Quedando, pues, a salvo el carácter propio de cada una de las naturalezas, y unidas ambas en una sola persona, la majestad asume la humildad, el poder la debilidad, la eternidad la mortalidad; y, para saldar la deuda contraída por nuestra condición pecadora, la naturaleza invulnerable se une a la naturaleza pasible, Dios verdadero y hombre verdadero se conjugan armoniosamente en la única persona del Señor; de este modo, tal como convenía para nuestro remedio, el único y mismo mediador entre Dios y los hombres pudo a la vez morir y resucitar, por la conjunción en él de esta doble condición. Con razón, pues, este nacimiento salvador había de dejar intacta la virginidad de la madre, ya que fue a la vez salvaguarda del pudor y alumbramiento de la verdad.

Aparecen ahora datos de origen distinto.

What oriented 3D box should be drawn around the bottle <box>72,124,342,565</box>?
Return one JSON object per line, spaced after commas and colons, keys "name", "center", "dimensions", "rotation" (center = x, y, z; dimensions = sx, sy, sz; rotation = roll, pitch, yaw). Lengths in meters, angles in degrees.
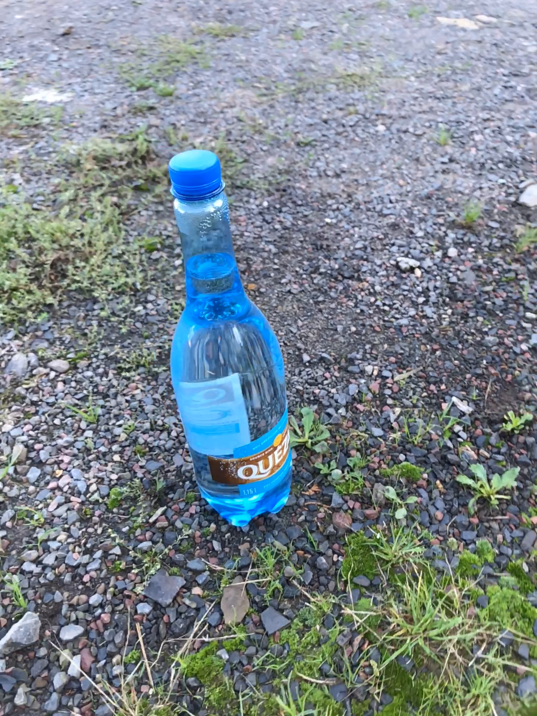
{"name": "bottle", "center": [-0.031, 0.005, 0.440], "dimensions": [0.110, 0.298, 0.111], "rotation": [-1, 42, 1]}
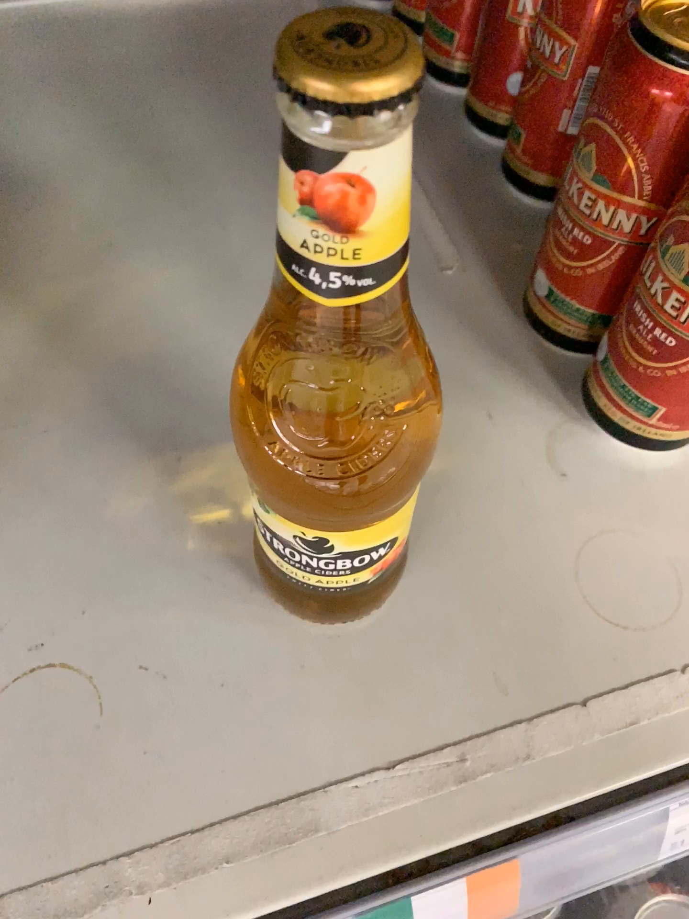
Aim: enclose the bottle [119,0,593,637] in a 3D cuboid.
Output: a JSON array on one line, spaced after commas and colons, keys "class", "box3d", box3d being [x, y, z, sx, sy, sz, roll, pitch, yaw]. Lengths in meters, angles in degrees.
[{"class": "bottle", "box3d": [0.002, -0.028, 0.243, 0.080, 0.239, 0.080, 2, 57, -3]}]
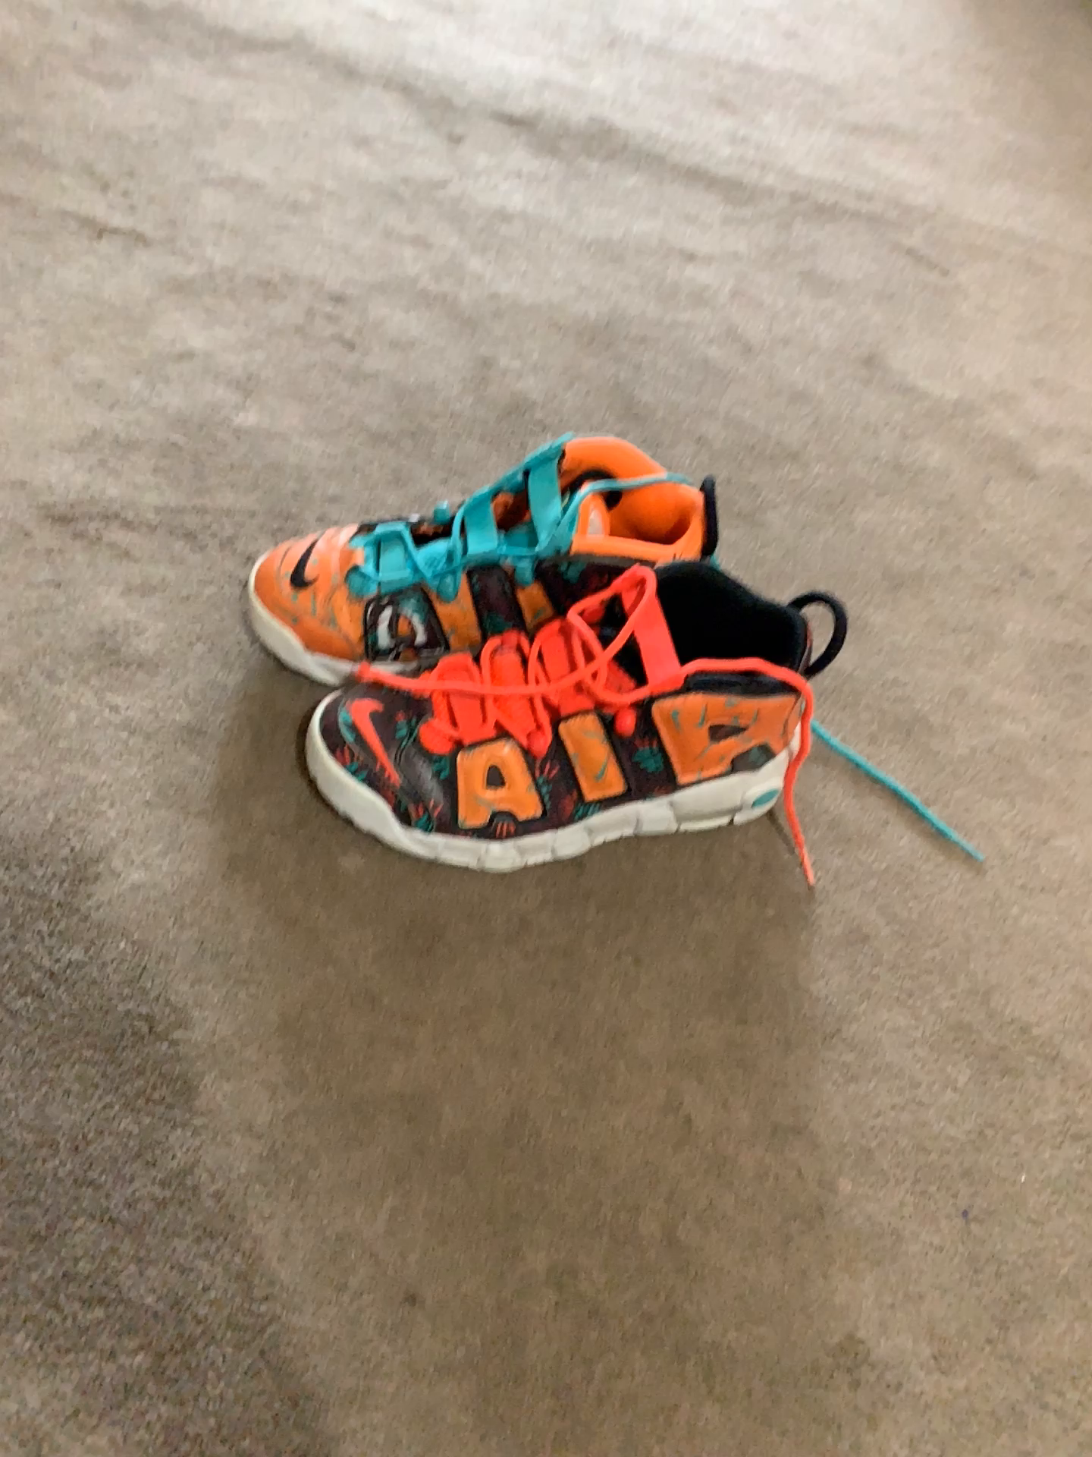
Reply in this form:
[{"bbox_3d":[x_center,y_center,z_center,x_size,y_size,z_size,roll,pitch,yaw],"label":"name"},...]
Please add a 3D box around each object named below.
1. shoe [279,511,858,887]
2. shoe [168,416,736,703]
[{"bbox_3d":[0.004,-0.014,0.516,0.230,0.109,0.101,-7,52,-7],"label":"shoe"},{"bbox_3d":[-0.044,-0.084,0.561,0.250,0.089,0.101,-2,55,-4],"label":"shoe"}]
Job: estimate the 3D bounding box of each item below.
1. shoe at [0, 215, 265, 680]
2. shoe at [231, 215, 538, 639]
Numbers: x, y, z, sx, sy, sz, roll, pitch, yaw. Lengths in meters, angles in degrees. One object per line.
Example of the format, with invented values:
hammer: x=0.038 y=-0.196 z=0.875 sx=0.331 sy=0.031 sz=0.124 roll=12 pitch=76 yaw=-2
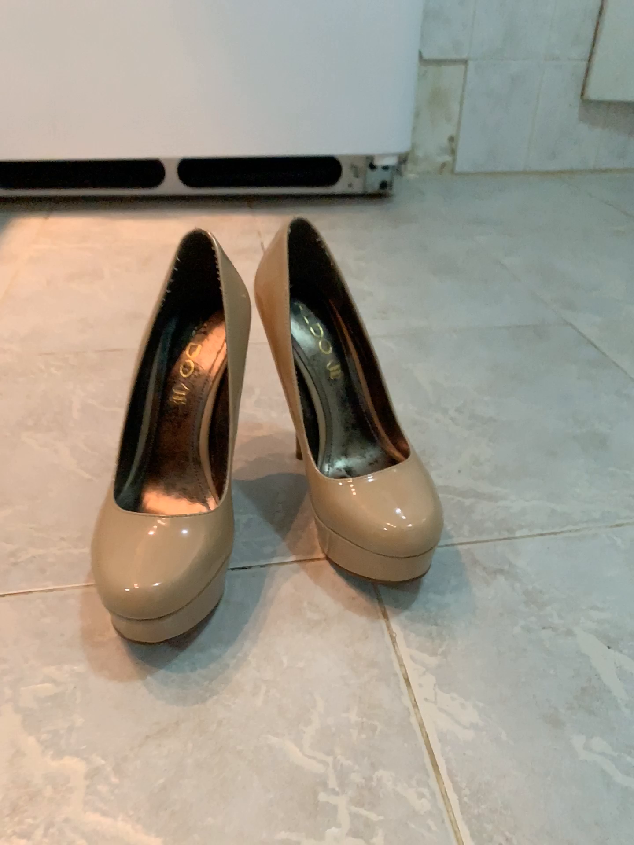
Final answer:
shoe: x=-0.082 y=0.001 z=0.377 sx=0.087 sy=0.176 sz=0.211 roll=1 pitch=34 yaw=-1
shoe: x=0.019 y=-0.013 z=0.409 sx=0.087 sy=0.166 sz=0.211 roll=-11 pitch=36 yaw=-19

Tal era, amadísimos, la clase de nacimiento que convenía a Cristo, fuerza y sabiduría de Dios; con él se mostró igual a nosotros por su humanidad, superior a nosotros por su divinidad. Si no hubiera sido Dios verdadero, no hubiera podido remediar nuestra situación; si no hubiera sido hombre verdadero, no hubiera podido darnos ejemplo.

Por eso, al nacer el Señor, los ángeles cantan llenos de gozo: Gloria a Dios en el cielo, y proclaman: y en la tierra paz a los hombres que ama el Señor. Ellos ven, en efecto, que la Jerusalén celestial se va edificando por medio de todas las naciones del orbe. ¿Cómo, pues, no habría de alegrarse la pequeñez humana ante esta obra inenarrable de la misericordia divina, cuando incluso los coros sublimes de los ángeles encontraban en ella un gozo tan intenso?